3 günde Stockholm: İkinci Gün

Rüya gibi bir Portekiz gezisi: Bölüm 9 – Lagos
23/05/2020
Fener Balat Turu
Günübirlik Fener Balat Turu
29/05/2020
Rüya gibi bir Portekiz gezisi: Bölüm 9 – Lagos
23/05/2020
Fener Balat Turu
Günübirlik Fener Balat Turu
29/05/2020
Riddarholmen Adası

Riddarholmsbron Köprüsü üzerinden yürüyerek, Gamla Stan’a bitişik olan Riddarholmen isimli adacığa geçtik sonra.

Norra Riddarholmshamnen caddesine indiğimizde nefis bir manzara ile karşılaştık. Öğle sıcağında indiğimiz bu sahilde, bir dolu insan ellerine sandviçlerini ve şarap şişelerini almış, Evert Taubes Terrass üzerinde denize karşı keyif yapıyorlardı. Biz öğle yemeğimizi yemiş olduğumuza biraz pişman olduk hani :) Keşke biz de aynı şeyi yapsaydık diye düşündük. Artık bir dahaki sefere…

Bu sahilden bakınca ileride Stockholm Belediye Binası da görülmekte…

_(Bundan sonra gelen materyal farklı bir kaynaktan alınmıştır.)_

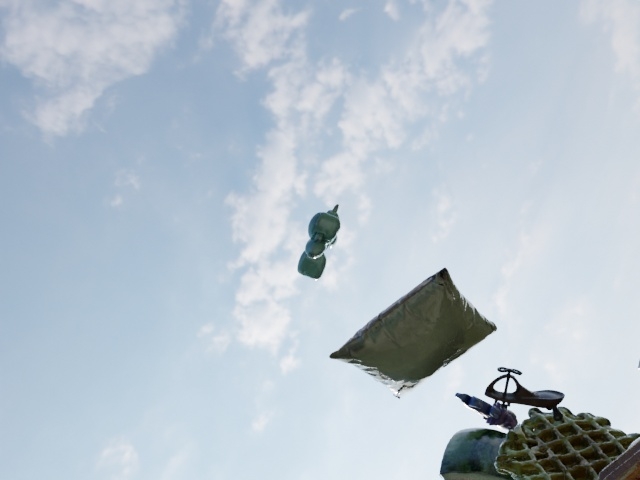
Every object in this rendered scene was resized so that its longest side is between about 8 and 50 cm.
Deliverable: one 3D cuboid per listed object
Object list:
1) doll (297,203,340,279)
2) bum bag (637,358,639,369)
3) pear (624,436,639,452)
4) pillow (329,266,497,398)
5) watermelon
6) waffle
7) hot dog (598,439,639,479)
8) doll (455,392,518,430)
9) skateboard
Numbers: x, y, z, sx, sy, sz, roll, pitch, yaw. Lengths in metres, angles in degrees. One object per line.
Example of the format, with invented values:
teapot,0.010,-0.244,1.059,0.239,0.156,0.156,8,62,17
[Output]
doll,0.000,0.000,1.262,0.158,0.059,0.159,109,-174,-45
bum bag,0.775,0.205,1.332,0.248,0.102,0.069,-32,-76,-10
pear,0.662,0.437,1.096,0.283,0.283,0.283,-17,-64,-37
pillow,0.217,0.218,1.430,0.310,0.119,0.312,-36,-43,14
watermelon,0.440,0.586,1.588,0.213,0.262,0.201,-41,-45,-58
waffle,0.528,0.454,1.343,0.317,0.297,0.073,-29,-60,-49
hot dog,0.486,0.336,0.984,0.144,0.038,0.062,-47,-10,14
doll,0.441,0.447,1.689,0.206,0.110,0.067,29,-102,-14
skateboard,0.399,0.295,1.261,0.067,0.151,0.080,-56,-25,-82
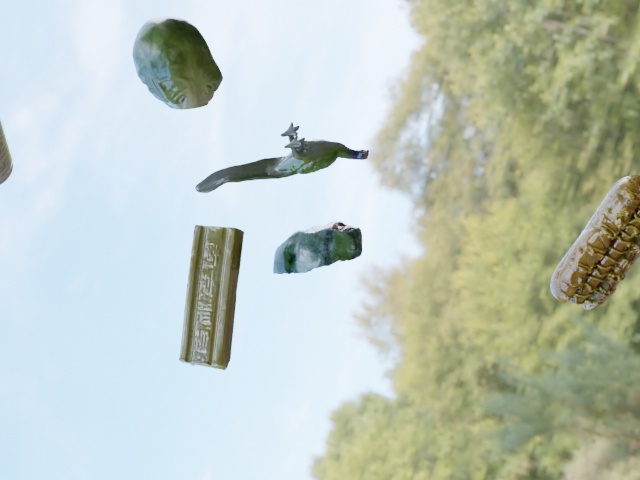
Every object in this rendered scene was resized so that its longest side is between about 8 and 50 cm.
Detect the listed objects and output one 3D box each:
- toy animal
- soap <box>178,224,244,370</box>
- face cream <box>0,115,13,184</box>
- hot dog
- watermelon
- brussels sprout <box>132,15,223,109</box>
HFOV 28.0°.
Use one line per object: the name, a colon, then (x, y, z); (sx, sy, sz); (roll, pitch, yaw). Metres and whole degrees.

Kungsholmen Adası ve Belediye Binası

Sahilde biraz oturup manzaranın tadını çıkardıktan sonra, Kungsholmen Adasında bulunan Stockholms Stadshus, yani Belediye Binasına doğru yürümeye başladık.

Ofisler, konferans ve tören salonları bulunan bu bina aynı zamanda her yıl düzenlenen Nobel Ödül töreni sonrasındaki yemeğe de ev sahipliği yapıyor. Saat 10:00 ile 15:00 arasında saat başı rehberli turlar düzenleniyor, biz son turu kaçırdık maalesef. Bir de üstüne üstlük yağmura yakalandık burada.

Eğer gitmek isterseniz aklınızda olsun, erken gidin. Tur fiyatı yetişkinler için 120 SEK.

Yağmur durana kadar bir kafede oturduktan sonra, güneş açar açmaz tekrar şehir turumuza devam ettik. Bu sırada kameramıza takılan birkaç kareyi paylaşalım…

Gülümseten anlar

Bu arada gezerken ara sıra bizi gülümseten şeylere de rastladık.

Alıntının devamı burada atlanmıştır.